Chemical programming model

Participant : Marin Bertier.

This work, done in collaboration with the Myriads project team, focuses on chemical programming, a promising paradigm to design autonomic systems. The metaphor envisions a computation as a set of concurrent reactions between molecules of data arising non-deterministically, until no more reactions can take place, in which case, the solution contains the final outcome of the computation.

More formally, such models strongly rely on concurrent multiset rewriting: the data are a multiset of molecules, and reactions are the application of a set of conditioned rewrite rules. At run time, these rewritings are applied concurrently, until no rule can be applied anymore (the elements they need do not exist anymore in the multiset). One of the main barriers towards the actual adoption of such models come from their complexity at run time: each computation step may require a complexity in O(n k ) where n denotes the number of elements in the multiset, and k the size of the subset of elements needed to trigger one rule.

Our objective is to design a distributed chemical platform implementing such concepts. This platform should be adapted to large scale distributed system to benefit at his best the inherent distribution of chemical program.

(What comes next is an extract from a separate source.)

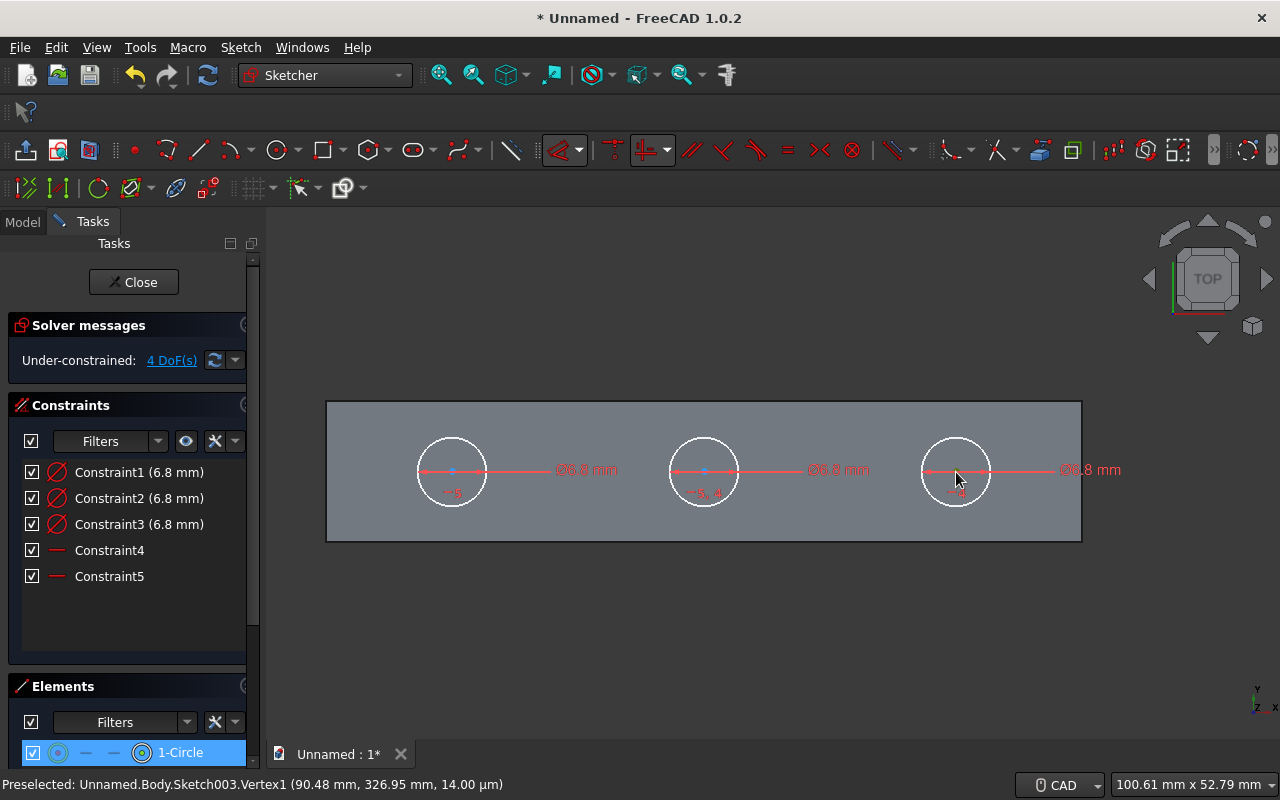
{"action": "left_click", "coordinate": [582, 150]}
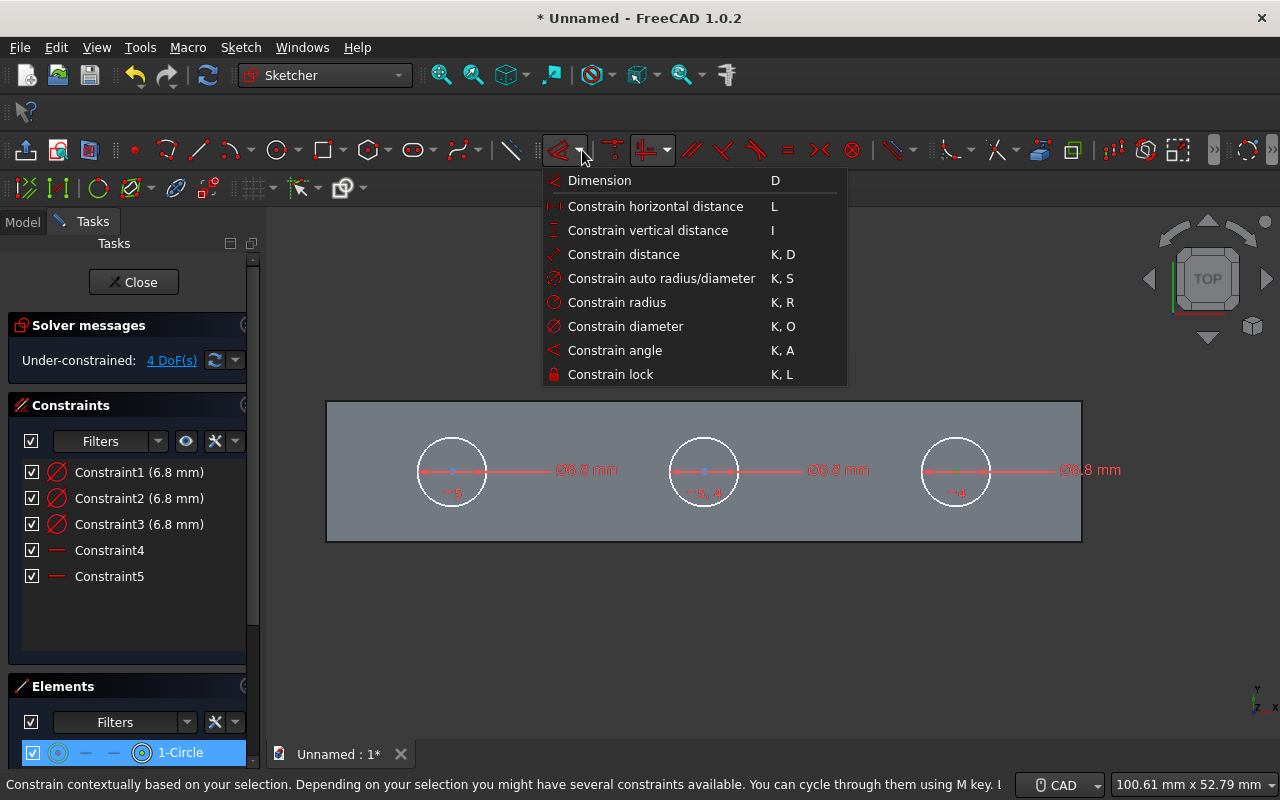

Within this context, we proposed a protocol for the atomic capture of objects in a DHT [20] . This protocol is distributed and evolving over a large scale platform. As the density of potential request has a significant impact on the liveness and efficiency of such a capture, the protocol proposed is made up of two sub-protocols, each of them aimed at addressing different levels of densities of potential reactions in the solution. While the decision to choose one or the other is local to each node participating in a program's execution, a global coherent behavior is obtained.